### What you should do
Check every line of the data below for "When". Copy each one that has it.

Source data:
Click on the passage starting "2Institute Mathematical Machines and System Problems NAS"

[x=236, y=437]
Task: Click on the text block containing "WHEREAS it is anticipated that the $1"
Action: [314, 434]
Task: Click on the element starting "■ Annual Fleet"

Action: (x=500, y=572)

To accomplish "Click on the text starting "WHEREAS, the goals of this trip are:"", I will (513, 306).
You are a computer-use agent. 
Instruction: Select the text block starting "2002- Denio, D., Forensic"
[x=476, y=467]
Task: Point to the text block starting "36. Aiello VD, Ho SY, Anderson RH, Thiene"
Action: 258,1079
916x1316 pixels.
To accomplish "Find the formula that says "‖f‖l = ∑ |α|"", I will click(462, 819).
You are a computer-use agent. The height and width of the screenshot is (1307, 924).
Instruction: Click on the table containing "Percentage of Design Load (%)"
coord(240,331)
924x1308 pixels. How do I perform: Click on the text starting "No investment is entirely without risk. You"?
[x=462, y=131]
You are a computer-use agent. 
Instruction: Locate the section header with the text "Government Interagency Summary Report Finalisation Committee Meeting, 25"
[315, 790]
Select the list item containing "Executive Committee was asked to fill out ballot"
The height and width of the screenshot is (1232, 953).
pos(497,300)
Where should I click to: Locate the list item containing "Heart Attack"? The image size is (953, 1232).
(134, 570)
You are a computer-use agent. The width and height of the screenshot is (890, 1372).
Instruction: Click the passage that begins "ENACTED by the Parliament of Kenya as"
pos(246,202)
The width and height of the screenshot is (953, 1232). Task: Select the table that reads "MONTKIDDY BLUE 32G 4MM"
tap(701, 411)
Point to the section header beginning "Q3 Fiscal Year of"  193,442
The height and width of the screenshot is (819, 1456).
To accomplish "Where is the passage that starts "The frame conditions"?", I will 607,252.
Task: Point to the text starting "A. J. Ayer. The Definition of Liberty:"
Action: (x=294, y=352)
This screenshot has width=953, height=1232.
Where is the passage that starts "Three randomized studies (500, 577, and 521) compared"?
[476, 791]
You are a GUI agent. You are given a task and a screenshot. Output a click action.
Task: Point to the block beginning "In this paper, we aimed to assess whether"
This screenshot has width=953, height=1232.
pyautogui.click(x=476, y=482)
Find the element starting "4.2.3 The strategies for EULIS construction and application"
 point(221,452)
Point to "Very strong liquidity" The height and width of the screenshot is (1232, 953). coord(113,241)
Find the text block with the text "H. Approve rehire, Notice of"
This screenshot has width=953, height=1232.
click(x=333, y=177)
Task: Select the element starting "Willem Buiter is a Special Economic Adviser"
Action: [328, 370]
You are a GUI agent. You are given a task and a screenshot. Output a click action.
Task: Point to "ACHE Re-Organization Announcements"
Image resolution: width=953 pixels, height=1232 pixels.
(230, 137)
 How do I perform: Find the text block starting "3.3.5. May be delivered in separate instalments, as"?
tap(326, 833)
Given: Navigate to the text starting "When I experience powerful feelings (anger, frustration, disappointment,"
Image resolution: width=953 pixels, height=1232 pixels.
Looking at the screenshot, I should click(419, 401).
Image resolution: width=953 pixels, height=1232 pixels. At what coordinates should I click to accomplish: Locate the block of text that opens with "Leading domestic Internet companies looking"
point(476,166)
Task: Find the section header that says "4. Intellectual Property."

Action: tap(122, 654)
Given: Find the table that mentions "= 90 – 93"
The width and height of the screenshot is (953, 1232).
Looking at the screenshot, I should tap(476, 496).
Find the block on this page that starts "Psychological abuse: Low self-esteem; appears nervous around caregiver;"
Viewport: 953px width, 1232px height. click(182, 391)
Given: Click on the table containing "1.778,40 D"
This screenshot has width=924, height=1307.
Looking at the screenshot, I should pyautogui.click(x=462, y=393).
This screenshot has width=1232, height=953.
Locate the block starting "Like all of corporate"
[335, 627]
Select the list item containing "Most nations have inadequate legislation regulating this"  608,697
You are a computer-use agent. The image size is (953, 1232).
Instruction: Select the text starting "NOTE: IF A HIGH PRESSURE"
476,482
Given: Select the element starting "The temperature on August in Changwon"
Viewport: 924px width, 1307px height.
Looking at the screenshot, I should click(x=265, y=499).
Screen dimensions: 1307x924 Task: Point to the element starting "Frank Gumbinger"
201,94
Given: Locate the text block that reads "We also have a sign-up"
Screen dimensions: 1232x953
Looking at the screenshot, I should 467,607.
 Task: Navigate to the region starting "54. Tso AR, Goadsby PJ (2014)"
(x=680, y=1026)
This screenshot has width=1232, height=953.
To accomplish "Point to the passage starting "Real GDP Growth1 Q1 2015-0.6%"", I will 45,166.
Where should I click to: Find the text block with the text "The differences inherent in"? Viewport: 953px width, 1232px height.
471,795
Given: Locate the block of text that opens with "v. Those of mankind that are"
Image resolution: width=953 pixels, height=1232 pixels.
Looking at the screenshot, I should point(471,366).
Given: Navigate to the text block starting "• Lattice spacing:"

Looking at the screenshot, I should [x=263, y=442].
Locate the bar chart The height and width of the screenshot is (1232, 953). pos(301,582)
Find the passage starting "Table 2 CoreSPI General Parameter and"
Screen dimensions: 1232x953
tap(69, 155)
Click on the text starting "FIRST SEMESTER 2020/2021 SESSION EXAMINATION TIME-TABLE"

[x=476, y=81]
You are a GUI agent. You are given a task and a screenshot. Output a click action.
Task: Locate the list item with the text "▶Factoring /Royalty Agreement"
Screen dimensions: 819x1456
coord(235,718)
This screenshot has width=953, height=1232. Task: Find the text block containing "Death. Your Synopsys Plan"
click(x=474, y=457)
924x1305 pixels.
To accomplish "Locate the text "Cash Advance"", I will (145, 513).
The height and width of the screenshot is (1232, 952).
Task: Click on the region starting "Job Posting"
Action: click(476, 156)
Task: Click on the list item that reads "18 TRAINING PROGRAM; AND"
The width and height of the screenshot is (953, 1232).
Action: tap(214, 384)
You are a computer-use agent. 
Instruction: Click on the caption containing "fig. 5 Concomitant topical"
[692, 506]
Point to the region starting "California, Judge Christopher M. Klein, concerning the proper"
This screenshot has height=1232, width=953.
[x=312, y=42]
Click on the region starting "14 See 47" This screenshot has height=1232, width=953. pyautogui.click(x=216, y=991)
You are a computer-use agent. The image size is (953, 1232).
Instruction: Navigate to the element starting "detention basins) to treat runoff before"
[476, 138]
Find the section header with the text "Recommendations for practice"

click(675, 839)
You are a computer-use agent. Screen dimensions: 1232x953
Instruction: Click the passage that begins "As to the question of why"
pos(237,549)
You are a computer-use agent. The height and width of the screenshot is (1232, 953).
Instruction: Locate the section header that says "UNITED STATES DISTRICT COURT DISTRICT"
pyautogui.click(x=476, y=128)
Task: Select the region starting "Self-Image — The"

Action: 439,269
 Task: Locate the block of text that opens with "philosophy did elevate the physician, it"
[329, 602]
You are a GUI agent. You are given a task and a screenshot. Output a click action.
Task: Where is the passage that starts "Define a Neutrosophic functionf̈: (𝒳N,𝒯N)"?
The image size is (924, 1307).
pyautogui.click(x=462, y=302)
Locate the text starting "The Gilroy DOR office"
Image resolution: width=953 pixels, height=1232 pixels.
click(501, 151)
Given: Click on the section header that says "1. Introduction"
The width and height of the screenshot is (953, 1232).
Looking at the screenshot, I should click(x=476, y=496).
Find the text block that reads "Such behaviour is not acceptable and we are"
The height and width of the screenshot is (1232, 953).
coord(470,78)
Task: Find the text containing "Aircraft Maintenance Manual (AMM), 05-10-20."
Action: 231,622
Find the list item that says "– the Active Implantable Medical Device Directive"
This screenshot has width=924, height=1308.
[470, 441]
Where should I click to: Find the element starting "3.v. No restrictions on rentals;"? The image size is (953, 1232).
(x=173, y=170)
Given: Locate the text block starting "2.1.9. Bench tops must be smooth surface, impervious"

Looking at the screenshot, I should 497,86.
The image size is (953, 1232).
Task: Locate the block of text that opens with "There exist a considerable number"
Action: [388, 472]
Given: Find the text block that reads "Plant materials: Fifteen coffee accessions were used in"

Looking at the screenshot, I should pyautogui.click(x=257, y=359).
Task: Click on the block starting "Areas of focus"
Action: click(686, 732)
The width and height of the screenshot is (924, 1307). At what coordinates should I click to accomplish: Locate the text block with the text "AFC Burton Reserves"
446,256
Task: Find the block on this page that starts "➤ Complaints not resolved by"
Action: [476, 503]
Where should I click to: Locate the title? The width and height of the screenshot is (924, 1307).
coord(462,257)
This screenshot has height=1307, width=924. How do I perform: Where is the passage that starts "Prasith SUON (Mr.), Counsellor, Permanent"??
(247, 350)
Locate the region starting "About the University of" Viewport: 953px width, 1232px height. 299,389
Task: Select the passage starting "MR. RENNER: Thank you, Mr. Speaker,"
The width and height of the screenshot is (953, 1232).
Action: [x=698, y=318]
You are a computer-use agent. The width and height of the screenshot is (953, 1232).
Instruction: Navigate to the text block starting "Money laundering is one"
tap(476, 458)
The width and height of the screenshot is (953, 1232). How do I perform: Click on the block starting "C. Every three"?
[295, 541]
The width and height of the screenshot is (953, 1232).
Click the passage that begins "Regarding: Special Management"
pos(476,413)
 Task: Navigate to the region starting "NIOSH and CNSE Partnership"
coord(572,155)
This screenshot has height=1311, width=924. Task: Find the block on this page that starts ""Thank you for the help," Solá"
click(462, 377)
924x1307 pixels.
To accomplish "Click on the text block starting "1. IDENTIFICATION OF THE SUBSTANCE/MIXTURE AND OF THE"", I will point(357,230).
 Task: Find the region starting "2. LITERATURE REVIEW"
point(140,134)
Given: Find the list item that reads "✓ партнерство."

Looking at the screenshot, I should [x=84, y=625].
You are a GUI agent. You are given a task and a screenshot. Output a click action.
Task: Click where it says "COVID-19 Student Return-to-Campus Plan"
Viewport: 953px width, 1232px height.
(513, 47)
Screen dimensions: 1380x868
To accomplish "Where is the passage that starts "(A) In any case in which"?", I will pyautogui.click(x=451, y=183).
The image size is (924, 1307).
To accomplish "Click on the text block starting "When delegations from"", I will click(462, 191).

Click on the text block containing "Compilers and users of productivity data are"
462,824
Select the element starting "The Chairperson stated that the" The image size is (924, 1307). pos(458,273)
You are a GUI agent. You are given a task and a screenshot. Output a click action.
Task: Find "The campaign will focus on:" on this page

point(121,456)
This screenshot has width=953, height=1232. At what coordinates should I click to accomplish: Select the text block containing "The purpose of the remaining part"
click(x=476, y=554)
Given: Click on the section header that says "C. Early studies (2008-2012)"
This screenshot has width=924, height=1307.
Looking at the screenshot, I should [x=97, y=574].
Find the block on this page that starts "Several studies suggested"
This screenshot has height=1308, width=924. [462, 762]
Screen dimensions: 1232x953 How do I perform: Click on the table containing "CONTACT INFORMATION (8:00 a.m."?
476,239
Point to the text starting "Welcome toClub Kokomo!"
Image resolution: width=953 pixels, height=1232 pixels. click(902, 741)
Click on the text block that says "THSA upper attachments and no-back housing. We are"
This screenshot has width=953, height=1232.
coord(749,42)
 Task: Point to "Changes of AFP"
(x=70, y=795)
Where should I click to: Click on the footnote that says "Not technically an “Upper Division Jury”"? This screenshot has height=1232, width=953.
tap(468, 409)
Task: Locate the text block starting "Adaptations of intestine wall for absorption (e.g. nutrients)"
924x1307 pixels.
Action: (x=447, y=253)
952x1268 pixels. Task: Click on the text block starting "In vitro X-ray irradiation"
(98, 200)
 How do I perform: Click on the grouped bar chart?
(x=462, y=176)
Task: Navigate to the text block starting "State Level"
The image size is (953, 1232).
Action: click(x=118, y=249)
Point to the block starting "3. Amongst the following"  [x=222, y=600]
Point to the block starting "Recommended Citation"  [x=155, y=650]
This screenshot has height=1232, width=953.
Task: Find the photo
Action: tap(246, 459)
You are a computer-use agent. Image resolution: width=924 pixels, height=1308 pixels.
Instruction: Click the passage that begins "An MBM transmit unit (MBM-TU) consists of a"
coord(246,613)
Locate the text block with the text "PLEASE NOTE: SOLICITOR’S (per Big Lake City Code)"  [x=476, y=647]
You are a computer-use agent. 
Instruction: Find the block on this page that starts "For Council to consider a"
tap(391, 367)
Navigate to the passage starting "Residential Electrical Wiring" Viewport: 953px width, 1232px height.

### Answer box
Given: Navigate to the text starting "When I experience powerful feelings (anger, frustration, disappointment,"
To accomplish "Click on the text block starting "When delegations from"", I will click(462, 191).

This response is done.